In the late 1920s and early 1930s, the first wave of political repression swept across Tuva. Subsequently, these took place throughout the decade. According to the prosecutor's office of the Republic of Tuva, in the 1930s, 1,286 people were repressed in the TPR, and according to another version, their number reached 1,700 people. Among those subjected to repression, as in the USSR, were many prominent statesmen of Tuva, including the first chairman of the Council of Ministers of the TPR, Mongush Buyan-Badyrgy, and the former chairman of the Presidium of the Small Khural Donduk Kuular. They were accused as spies for Japan and preparing a counter-revolutionary coup. The first secretary of the Central Committee of the Tuvan People's Revolutionary Party, Salchak Toka, which enjoyed the sympathy of the Soviet leadership, acted as the main initiator of political purges in Tuva.

===Armed forces of Tuva===
In the 1930s, the Empire of Japan undertook several aggressive actions against China. This included the invasion of Manchuria and creation of the puppet state Manchukuo, and culminating in full-scale war against China in 1937. The Tuvan government undertook measures to strengthen their army and the 11th Congress of the TPRP, held in November 1939, instructed the Central Committee to fully equip the Tuvan People's Revolutionary Army in the next 2–3 years and to further raise combat readiness. The Ministry of Military Affairs was created in late February 1940 and immediately started equipping the army with new weapons and equipment, as well as improving training of officers and army units. The Soviet Union assisted Tuva with significant assistance in materiel and technical development. The middle and high command of the Tuvan Army were trained in Soviet military academies, including the M. V. Frunze Military Academy and the General Staff Academy.

==The War==
As Germany and other Axis powers launched their invasion of the Soviet Union on 22 June 1941, the 10th Great Khural of Tuva declared that:

"The Tuvan people, led by the entire revolutionary party and government, not sparing their lives, are ready by any means to participate in the struggle of the Soviet Union against the fascist aggressor until their final victory over it"

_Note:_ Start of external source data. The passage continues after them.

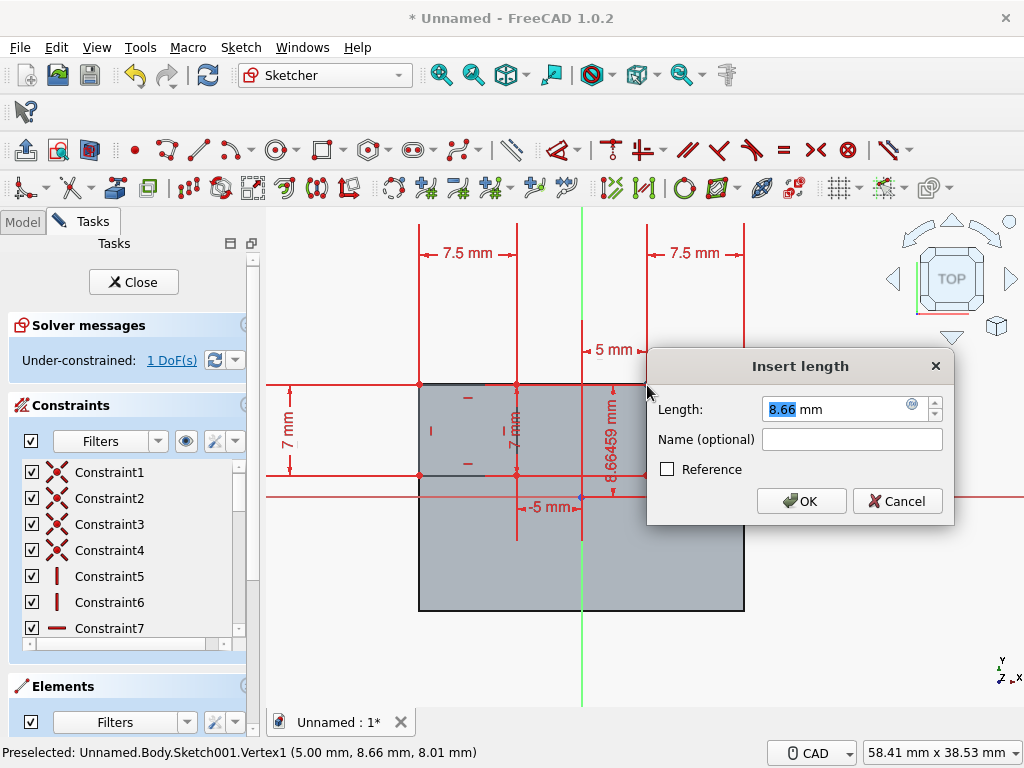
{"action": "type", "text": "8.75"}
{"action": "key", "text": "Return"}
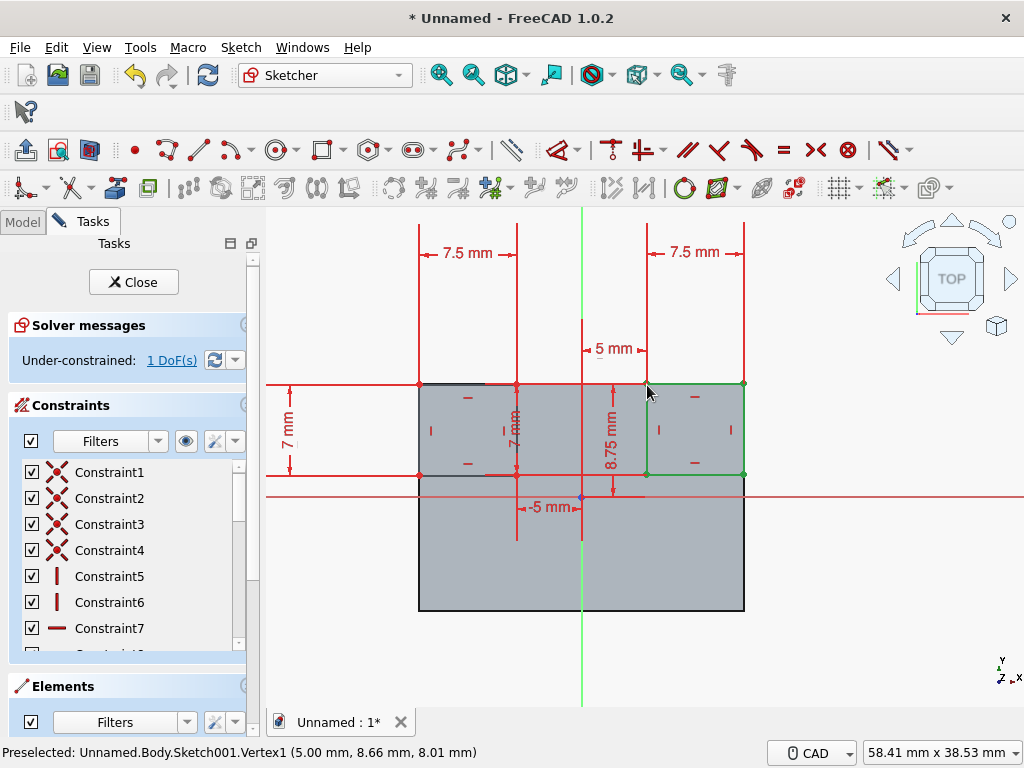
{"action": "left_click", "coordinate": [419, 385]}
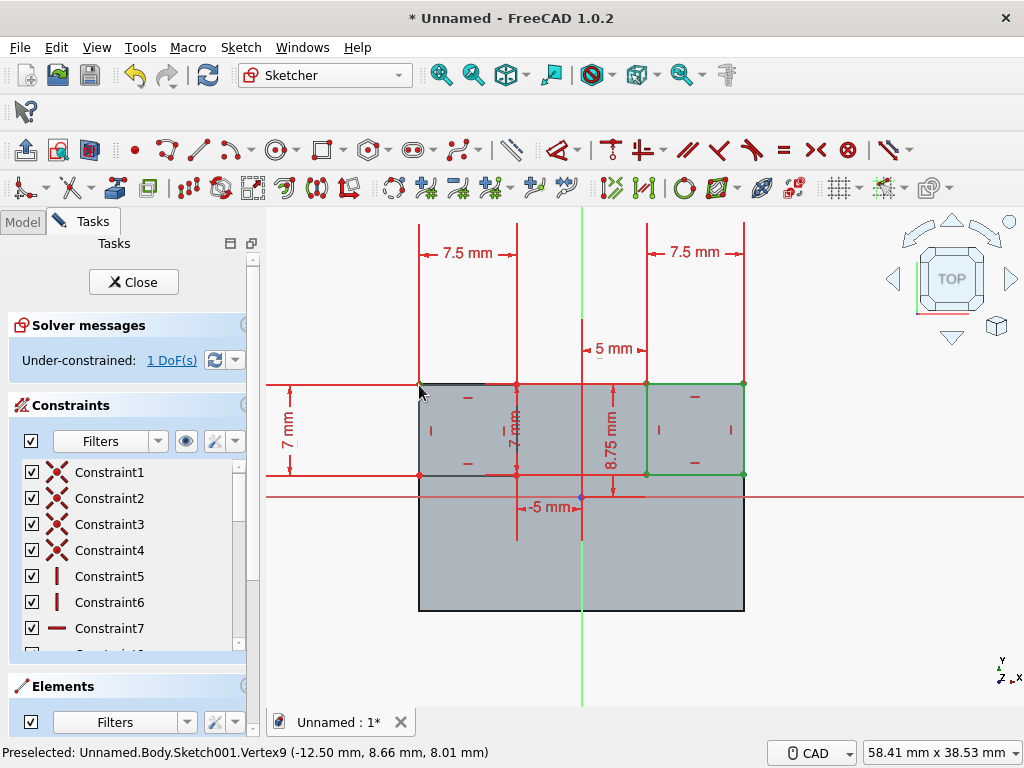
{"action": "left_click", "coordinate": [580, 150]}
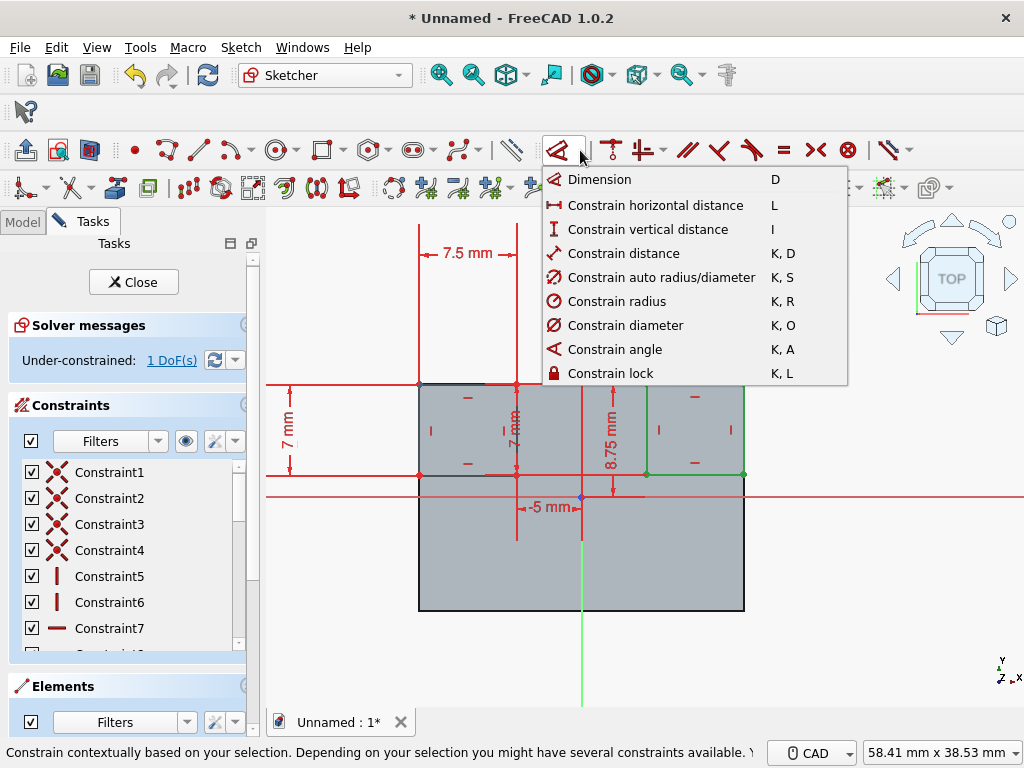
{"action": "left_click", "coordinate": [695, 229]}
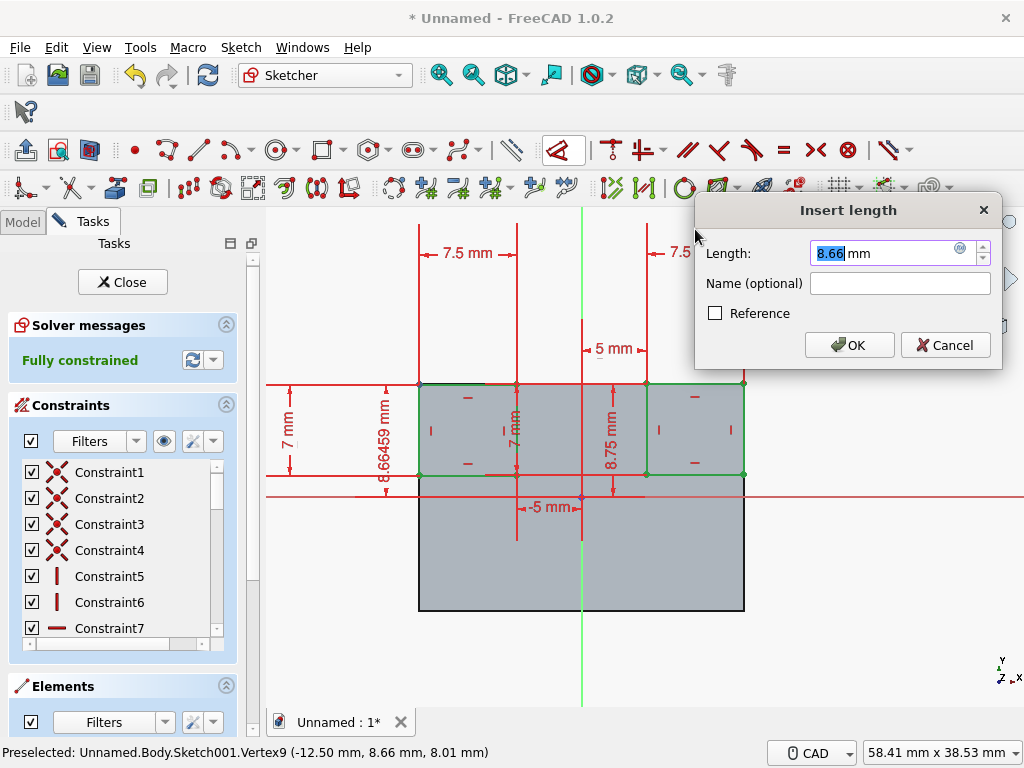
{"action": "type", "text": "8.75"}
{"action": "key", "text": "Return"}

It is sometimes written that Tuva declared war on Germany on 25 June 1941, but the sources are dubious. Nevertheless, they helped the Soviet Union in substantial ways, transferring its entire gold reserve of ~20,000,000 rubles to the Soviet Union, with additional extracted Tuvan gold worth around 10,000,000 rubles annually. Between June 1941 and October 1944 Tuva supplied the Soviet Red Army with 700,000 livestock, of which almost 650,000 were donated. Almost every Tuvan family donated 10-100 animals (in Tuvan and Mongol families, the average number of livestock for personal use was about at least 130). In the spring of 1944 alone, 27,500 Tuvan cows were presented to the liberated Ukraine. A telegram from the Supreme Council of the Ukrainian SSR to Tuva noted that "The Ukrainian people, like all the peoples of the USSR, deeply appreciate and will never forget the help to the front and the liberated areas that the working people of the Tuvan People's Republic fraternally render ..."

In addition, 50,000 war horses, 52,000 pairs of skis, 10,000 winter coats, 19,000 pairs of gloves, 16,000 boots and 67,000 tons of sheep wool as well as several hundreds tons of meats, grain, carts, sledges, horse tacks and other goods totaling 66,500,000 rubles. Up to 90% was donated. In March 1943, 10 Yakovlev Yak-7 fighters were built with funds raised by Tuvans and placed at the disposal of the Soviet Air Forces.

In March 1943 Tuva mustered volunteer tankers, 11 people joined the Red Army in May 1943 as part of the 25th separate tank regiment of the 52nd Army of the 2nd Ukrainian Front.

Tuva also mustered a volunteer squadron of 208 people in September 1943 to serve in the Soviet cavalry. On November 8, 177 of these were transferred to the 31st Guards Cavalry Regiment of the 8th Guards Cavalry Division and sent to Ukraine in December 1943, where they fought in during 1944. Of the volunteers, 165 men returned home and 17 were awarded the Order of Glory for courage.